Development of the $80 million iconic property, owned by Go the Distance Baseball, began in September.
The first part of the work will focus on the 70-acre Recreational Sports Center north of the movie location. It will include nine new courts, team housing, an arena and jogging trails. Go the Distance baseball officials previously shared their plans to have teams play on the field by this summer.
The development also includes a 104-room boutique hotel across Lansing Road from the Land of Dreams, as well as a caravan park and outdoor amphitheater near the film’s location.
There are also plans to build a $55 million, 3,000-seat permanent stadium around a Major League Baseball field near the film’s location.
Keith Rahe, president and CEO of Travel Dubuque, said the stadium project is currently in the design process, and officials involved in the project have visited other baseball facilities to better understand what they hope to create.
“We are selecting a construction manager who is at risk right now, which makes a lot of sense for a project like this,” Rahe said. “Once the group is selected, I think the timeline (of the project) will become more fixed.”

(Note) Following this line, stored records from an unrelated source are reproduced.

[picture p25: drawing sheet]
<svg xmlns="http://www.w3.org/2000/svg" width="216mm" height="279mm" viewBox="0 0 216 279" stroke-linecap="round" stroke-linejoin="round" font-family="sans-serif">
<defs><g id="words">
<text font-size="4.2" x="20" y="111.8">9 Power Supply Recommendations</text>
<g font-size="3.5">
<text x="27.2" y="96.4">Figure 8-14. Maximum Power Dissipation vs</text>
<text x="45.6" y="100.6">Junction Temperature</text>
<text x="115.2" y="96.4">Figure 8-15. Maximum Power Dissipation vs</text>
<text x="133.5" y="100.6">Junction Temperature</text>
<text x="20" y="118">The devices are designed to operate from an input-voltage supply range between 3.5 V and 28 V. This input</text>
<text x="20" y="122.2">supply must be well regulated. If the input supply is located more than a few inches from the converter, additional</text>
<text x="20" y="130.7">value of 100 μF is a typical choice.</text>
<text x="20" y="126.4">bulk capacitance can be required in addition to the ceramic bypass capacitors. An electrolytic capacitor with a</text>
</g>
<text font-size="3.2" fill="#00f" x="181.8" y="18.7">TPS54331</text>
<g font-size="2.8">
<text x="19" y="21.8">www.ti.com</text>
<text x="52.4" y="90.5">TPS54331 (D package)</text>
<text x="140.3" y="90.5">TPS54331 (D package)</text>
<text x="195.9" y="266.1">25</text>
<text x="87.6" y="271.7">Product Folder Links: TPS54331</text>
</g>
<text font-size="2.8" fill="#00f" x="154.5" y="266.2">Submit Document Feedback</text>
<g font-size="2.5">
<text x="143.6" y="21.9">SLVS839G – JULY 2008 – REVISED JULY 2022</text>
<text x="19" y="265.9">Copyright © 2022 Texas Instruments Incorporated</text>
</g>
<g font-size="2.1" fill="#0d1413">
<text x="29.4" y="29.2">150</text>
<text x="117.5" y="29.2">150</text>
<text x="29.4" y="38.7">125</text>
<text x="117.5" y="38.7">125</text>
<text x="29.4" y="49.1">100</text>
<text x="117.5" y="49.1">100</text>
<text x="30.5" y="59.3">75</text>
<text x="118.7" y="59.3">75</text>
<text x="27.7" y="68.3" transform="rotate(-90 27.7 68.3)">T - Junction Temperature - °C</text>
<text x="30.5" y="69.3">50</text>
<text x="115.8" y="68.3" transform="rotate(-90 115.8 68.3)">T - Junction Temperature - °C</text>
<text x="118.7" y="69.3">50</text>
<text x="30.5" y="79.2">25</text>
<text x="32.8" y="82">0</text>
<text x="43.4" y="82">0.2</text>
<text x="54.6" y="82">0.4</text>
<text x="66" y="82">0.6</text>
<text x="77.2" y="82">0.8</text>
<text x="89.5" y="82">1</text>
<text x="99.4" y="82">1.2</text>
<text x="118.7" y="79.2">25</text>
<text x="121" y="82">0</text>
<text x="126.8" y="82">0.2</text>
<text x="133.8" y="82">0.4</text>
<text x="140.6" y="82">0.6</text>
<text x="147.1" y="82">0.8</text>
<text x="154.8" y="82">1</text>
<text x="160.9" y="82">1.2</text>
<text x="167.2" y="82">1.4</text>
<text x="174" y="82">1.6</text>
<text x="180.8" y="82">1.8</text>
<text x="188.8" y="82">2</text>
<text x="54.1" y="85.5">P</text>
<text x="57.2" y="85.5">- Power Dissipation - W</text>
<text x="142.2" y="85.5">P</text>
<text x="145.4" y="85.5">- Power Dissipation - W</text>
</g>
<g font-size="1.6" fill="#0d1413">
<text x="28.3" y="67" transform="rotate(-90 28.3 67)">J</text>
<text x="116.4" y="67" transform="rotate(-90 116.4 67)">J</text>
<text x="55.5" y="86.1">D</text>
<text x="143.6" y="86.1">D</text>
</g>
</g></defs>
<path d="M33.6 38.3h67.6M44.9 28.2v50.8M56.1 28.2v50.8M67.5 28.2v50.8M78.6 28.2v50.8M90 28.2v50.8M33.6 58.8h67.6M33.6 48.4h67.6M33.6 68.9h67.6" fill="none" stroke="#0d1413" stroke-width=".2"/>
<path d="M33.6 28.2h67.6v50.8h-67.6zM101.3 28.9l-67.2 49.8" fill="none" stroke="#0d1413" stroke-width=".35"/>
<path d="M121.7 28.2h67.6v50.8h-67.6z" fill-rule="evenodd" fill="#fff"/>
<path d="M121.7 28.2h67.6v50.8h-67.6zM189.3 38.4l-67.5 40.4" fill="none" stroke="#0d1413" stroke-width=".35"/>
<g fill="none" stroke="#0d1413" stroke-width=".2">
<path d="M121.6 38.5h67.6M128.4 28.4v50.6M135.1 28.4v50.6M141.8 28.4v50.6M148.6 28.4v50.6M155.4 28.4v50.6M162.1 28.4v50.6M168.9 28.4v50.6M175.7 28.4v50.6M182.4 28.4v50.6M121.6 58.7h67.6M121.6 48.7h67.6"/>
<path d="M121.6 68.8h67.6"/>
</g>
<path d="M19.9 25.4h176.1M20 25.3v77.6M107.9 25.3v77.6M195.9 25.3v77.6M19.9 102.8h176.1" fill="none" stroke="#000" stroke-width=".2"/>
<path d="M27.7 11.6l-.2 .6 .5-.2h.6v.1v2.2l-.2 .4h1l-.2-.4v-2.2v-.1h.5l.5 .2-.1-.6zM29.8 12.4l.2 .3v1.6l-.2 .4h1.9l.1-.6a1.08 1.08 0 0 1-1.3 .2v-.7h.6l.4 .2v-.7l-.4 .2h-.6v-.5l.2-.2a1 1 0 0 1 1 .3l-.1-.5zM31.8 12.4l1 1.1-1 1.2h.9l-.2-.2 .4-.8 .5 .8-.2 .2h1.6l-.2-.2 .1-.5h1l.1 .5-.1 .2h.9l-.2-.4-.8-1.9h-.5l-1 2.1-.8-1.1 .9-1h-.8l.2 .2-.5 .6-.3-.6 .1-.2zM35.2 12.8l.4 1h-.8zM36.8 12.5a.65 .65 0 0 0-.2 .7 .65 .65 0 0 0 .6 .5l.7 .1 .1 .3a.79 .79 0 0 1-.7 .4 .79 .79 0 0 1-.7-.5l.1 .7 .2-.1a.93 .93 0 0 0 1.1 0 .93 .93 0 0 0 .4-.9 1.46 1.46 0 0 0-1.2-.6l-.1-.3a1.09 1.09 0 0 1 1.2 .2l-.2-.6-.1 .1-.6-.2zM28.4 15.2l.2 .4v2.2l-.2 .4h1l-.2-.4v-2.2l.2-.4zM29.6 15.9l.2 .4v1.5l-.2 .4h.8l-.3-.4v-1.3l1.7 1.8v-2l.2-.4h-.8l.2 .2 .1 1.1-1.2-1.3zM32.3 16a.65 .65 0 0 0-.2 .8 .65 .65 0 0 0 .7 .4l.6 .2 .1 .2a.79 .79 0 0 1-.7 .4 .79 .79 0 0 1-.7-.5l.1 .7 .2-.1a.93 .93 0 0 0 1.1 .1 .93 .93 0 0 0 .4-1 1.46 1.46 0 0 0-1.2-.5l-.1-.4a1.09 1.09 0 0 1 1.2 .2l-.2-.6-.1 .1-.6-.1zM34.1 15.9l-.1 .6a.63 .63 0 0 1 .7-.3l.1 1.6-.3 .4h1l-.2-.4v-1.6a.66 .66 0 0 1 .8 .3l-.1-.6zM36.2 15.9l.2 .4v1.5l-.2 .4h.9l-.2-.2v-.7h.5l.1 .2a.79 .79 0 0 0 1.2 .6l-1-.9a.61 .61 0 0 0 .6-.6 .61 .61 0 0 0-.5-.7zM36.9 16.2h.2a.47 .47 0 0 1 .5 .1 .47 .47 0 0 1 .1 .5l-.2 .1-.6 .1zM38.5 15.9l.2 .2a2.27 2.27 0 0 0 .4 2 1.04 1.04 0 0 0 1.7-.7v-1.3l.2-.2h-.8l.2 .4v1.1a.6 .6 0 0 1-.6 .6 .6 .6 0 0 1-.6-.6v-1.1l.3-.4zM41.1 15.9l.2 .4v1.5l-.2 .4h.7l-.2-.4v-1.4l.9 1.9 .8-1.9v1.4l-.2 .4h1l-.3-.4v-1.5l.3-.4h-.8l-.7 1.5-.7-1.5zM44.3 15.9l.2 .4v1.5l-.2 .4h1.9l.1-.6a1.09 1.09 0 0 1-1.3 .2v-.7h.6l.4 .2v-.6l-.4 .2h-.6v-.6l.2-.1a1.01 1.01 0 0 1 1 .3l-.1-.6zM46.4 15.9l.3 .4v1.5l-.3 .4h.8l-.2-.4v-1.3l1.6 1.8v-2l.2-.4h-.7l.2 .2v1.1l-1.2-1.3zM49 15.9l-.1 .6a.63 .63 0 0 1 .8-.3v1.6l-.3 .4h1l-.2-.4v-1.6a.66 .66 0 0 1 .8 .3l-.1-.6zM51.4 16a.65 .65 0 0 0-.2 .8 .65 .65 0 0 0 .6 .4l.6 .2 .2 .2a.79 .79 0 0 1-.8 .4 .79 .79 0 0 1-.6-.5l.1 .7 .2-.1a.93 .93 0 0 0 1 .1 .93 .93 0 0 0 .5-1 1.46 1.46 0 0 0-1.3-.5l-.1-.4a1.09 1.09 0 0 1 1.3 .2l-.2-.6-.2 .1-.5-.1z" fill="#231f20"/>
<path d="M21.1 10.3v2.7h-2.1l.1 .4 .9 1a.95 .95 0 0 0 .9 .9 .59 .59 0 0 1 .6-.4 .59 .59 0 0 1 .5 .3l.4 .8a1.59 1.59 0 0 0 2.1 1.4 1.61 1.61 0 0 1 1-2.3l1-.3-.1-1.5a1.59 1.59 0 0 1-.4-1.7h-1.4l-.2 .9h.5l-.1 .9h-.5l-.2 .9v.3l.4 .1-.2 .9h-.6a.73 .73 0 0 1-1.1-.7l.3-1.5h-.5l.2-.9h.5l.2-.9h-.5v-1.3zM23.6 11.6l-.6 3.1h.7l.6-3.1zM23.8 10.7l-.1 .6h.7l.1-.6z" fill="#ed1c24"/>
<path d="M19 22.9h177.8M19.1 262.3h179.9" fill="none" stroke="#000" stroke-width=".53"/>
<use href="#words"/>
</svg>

He said the development of Field of Dreams stems from the momentum created by the first Major League Baseball game at Field of Dreams in 2021.
“One of the most important things is the time, energy and detail that goes into all of this and making sure everything gets done and continues to develop,” he said. “As we move into (2023), hopefully it’s going to be a very promising year to make more progress in this area.”
potential inflation impact
Inflation has hit every industry broadly over the past year, from rising material costs to rising home interest rates, leaving many across the country wondering whether a recession is imminent. Prices rose more than 7% in November compared to November 2021, according to the U.S. Department of Labor.
“Everything that’s done affects those realities,” Dickinson said. “In a way, every project extension, every business, every residential development, it puts an asterisk next to it.”
However, Dickinson said many factors affecting larger economic issues are beyond local control, such as the economic impact of the war in Ukraine.
“We can’t fix everything,” he said. “What we can do is try to solve problems better than our competitors and thus be more economically successful than our competitors.”
Several projects announced by area businesses are expected to add jobs starting in 2023, Dickinson said. In addition, aside from the closure of the Georgia Pacific Dubuque plant and the loss of 85 jobs there, he said there is no sign of mass layoffs on the ground.
“But there’s no guarantee there won’t be such news in 2023,” he said. “We’re going to have to wait and see and figure it out when it comes. The drumbeat of Greater Dubuque Development is that time solves nothing. People and investors with courage and initiative change everything.”